** Opening INFORMATION GIVEN block **

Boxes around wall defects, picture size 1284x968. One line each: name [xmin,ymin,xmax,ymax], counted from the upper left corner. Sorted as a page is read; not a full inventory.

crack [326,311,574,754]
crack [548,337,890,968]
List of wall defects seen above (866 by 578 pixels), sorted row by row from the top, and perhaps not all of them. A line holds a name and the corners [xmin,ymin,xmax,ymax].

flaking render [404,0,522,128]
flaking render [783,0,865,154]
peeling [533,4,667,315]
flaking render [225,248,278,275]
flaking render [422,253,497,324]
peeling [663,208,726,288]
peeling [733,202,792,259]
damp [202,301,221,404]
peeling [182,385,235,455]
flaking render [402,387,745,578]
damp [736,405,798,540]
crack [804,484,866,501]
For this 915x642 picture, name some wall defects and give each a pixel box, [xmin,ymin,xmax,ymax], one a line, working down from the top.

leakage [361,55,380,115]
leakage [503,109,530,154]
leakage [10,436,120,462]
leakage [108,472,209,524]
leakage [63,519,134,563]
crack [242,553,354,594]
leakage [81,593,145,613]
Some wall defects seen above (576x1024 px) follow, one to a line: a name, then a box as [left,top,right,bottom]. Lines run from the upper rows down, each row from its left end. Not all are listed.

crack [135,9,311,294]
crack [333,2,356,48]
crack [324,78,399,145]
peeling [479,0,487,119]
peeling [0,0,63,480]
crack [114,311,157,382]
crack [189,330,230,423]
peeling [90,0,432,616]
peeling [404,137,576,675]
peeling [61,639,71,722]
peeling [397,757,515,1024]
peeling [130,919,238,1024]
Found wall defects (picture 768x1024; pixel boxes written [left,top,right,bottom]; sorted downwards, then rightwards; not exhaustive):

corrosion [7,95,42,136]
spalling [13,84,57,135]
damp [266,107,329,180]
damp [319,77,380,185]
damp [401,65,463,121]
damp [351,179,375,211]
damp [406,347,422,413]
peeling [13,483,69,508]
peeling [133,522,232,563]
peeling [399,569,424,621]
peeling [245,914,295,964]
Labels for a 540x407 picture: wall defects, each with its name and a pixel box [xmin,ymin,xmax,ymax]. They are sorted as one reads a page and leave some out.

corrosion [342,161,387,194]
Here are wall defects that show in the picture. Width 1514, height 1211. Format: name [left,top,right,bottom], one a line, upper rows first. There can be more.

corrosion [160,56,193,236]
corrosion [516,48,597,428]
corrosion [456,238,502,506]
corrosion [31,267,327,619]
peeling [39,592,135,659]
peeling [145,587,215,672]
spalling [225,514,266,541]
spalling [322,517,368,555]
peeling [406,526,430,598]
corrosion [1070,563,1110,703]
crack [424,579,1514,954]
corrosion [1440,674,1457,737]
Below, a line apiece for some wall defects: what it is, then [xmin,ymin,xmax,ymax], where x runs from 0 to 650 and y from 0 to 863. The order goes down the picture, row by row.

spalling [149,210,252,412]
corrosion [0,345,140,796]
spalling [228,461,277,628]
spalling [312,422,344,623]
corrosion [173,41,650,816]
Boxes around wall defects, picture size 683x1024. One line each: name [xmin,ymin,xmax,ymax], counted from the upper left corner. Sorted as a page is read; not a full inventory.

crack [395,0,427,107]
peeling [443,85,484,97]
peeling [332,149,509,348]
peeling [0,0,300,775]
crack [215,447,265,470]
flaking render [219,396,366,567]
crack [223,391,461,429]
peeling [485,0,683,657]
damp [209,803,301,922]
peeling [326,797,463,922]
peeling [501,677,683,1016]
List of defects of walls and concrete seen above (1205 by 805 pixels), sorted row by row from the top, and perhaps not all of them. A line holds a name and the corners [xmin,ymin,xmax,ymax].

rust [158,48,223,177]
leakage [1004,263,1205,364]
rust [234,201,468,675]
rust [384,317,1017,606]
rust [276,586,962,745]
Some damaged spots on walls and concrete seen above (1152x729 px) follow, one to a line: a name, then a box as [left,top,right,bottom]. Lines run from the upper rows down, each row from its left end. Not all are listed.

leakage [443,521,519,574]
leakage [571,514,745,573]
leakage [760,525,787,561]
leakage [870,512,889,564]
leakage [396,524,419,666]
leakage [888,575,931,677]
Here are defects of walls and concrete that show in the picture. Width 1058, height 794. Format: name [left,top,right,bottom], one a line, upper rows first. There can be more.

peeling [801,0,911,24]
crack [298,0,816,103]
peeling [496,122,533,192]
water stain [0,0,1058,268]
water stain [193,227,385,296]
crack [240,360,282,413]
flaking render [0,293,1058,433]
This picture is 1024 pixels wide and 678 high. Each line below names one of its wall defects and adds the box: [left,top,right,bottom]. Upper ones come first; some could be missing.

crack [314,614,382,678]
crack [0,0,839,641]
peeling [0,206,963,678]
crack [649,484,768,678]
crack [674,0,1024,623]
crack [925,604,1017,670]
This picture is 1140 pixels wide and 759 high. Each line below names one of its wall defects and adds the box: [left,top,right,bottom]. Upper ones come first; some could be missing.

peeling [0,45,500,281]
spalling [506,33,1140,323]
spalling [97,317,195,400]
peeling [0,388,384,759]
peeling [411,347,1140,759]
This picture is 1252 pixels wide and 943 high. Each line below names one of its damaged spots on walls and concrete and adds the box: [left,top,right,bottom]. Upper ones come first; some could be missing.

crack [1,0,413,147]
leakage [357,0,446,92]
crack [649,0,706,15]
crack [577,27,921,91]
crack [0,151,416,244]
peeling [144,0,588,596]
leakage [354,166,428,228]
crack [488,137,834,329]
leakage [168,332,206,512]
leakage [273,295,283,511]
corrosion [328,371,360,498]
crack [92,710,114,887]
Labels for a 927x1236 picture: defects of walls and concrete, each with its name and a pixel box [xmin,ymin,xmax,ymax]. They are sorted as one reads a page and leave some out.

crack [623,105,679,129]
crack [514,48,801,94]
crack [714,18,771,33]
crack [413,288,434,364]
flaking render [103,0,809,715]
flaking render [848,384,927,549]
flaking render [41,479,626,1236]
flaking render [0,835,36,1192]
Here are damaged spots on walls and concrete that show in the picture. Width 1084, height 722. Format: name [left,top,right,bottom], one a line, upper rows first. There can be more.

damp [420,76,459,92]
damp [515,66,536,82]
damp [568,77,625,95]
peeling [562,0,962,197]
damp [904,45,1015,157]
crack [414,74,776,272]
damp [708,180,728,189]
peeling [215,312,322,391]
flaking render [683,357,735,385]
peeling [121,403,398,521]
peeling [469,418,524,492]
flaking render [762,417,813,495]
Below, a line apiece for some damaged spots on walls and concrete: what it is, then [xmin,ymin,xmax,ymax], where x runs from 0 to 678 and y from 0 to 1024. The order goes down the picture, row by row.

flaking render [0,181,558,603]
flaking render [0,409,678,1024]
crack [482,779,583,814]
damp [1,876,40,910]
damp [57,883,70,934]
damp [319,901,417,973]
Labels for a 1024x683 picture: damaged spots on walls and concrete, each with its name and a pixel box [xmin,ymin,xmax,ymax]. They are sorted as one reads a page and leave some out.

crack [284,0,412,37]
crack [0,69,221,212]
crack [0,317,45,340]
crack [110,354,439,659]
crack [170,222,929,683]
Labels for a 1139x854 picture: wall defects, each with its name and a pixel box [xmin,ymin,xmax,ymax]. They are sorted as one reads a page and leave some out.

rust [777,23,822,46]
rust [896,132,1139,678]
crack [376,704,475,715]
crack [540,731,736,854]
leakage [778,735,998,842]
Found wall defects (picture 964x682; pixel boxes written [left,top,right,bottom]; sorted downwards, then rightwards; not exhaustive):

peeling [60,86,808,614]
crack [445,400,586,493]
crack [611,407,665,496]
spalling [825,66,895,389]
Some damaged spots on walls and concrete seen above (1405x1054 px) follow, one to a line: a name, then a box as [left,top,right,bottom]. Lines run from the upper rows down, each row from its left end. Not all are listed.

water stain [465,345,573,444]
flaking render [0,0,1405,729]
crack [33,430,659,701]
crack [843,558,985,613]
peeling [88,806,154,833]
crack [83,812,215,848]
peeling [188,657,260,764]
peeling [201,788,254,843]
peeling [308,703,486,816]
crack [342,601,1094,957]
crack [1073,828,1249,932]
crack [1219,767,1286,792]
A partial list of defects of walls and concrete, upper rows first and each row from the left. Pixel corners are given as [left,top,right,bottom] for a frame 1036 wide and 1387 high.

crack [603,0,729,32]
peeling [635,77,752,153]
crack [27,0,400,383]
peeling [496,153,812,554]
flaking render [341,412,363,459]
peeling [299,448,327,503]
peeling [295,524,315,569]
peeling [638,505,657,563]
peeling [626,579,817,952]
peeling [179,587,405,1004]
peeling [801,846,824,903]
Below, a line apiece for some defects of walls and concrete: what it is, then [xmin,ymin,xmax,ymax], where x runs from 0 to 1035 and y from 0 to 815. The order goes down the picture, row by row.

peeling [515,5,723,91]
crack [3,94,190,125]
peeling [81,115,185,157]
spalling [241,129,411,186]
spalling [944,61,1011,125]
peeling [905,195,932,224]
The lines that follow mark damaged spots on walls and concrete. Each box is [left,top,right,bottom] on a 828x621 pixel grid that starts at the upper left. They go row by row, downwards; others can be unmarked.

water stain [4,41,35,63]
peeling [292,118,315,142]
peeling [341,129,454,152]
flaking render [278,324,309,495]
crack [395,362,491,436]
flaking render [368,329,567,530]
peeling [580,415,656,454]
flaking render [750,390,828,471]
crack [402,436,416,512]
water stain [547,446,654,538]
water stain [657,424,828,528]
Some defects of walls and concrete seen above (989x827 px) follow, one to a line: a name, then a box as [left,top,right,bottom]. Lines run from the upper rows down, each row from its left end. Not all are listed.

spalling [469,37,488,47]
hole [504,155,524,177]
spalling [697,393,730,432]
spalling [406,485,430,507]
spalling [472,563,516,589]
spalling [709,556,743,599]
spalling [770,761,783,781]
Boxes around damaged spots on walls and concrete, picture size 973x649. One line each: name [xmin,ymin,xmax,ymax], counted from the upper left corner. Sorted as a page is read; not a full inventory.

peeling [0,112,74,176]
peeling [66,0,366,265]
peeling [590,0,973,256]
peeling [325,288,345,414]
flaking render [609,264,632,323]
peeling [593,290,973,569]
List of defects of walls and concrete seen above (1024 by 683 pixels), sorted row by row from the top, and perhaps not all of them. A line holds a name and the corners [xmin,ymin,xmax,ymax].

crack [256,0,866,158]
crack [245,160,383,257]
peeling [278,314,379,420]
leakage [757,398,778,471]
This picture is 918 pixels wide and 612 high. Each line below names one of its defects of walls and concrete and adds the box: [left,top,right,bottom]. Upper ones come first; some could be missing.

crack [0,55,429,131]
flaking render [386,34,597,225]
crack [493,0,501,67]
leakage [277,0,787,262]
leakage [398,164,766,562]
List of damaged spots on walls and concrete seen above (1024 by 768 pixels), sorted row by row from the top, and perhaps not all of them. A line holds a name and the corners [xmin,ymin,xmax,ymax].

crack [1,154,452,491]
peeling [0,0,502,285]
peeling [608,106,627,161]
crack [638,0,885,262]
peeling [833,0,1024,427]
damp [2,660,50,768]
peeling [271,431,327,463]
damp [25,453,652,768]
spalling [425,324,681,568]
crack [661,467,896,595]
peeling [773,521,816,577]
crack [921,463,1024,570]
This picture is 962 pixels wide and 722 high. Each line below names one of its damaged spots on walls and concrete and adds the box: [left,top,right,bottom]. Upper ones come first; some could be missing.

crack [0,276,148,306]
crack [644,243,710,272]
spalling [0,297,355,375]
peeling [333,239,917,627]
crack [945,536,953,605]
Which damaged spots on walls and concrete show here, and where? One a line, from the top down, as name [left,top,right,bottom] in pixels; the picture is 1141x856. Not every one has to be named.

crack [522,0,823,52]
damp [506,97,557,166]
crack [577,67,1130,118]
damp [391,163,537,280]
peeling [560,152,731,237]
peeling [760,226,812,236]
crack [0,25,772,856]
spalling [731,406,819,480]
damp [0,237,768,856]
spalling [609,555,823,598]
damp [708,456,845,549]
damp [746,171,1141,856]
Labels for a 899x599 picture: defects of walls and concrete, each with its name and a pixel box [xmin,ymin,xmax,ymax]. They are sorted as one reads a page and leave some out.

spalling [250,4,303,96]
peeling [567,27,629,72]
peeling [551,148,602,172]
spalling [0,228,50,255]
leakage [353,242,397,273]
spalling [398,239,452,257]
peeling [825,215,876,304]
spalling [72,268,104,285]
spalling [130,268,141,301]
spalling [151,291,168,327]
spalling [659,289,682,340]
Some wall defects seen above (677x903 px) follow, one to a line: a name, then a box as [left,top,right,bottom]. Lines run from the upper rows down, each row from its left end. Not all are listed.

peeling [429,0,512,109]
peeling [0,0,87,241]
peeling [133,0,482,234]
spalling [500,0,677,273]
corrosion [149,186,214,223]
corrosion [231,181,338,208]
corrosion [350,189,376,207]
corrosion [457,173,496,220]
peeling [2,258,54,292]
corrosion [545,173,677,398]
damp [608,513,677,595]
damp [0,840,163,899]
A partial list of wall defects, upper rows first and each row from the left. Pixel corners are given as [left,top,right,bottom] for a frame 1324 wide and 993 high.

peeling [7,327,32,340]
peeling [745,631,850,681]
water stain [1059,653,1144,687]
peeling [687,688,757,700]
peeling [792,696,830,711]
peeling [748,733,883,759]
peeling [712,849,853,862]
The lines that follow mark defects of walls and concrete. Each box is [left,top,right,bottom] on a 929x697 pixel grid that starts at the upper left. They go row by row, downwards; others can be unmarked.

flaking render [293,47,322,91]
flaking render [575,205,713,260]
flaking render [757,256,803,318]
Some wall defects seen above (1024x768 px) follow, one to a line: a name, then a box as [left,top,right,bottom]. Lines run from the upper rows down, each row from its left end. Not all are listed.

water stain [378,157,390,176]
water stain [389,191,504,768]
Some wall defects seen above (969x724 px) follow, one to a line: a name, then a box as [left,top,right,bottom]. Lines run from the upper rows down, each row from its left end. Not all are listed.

** Closing INFORMATION GIVEN block **

■ TASK PROMPT ■
The expected output is the lines from the one holding "The lines that follow mark defects" through the last line of the data, exactly as they appear, with nothing before or after.

■ RESPONSE AREA ■
The lines that follow mark defects of walls and concrete. Each box is [left,top,right,bottom] on a 929x697 pixel grid that starts at the upper left. They go row by row, downwards; others can be unmarked.

flaking render [293,47,322,91]
flaking render [575,205,713,260]
flaking render [757,256,803,318]
Some wall defects seen above (1024x768 px) follow, one to a line: a name, then a box as [left,top,right,bottom]. Lines run from the upper rows down, each row from its left end. Not all are listed.

water stain [378,157,390,176]
water stain [389,191,504,768]
Some wall defects seen above (969x724 px) follow, one to a line: a name, then a box as [left,top,right,bottom]. Lines run from the upper rows down, each row from its left end. Not all are listed.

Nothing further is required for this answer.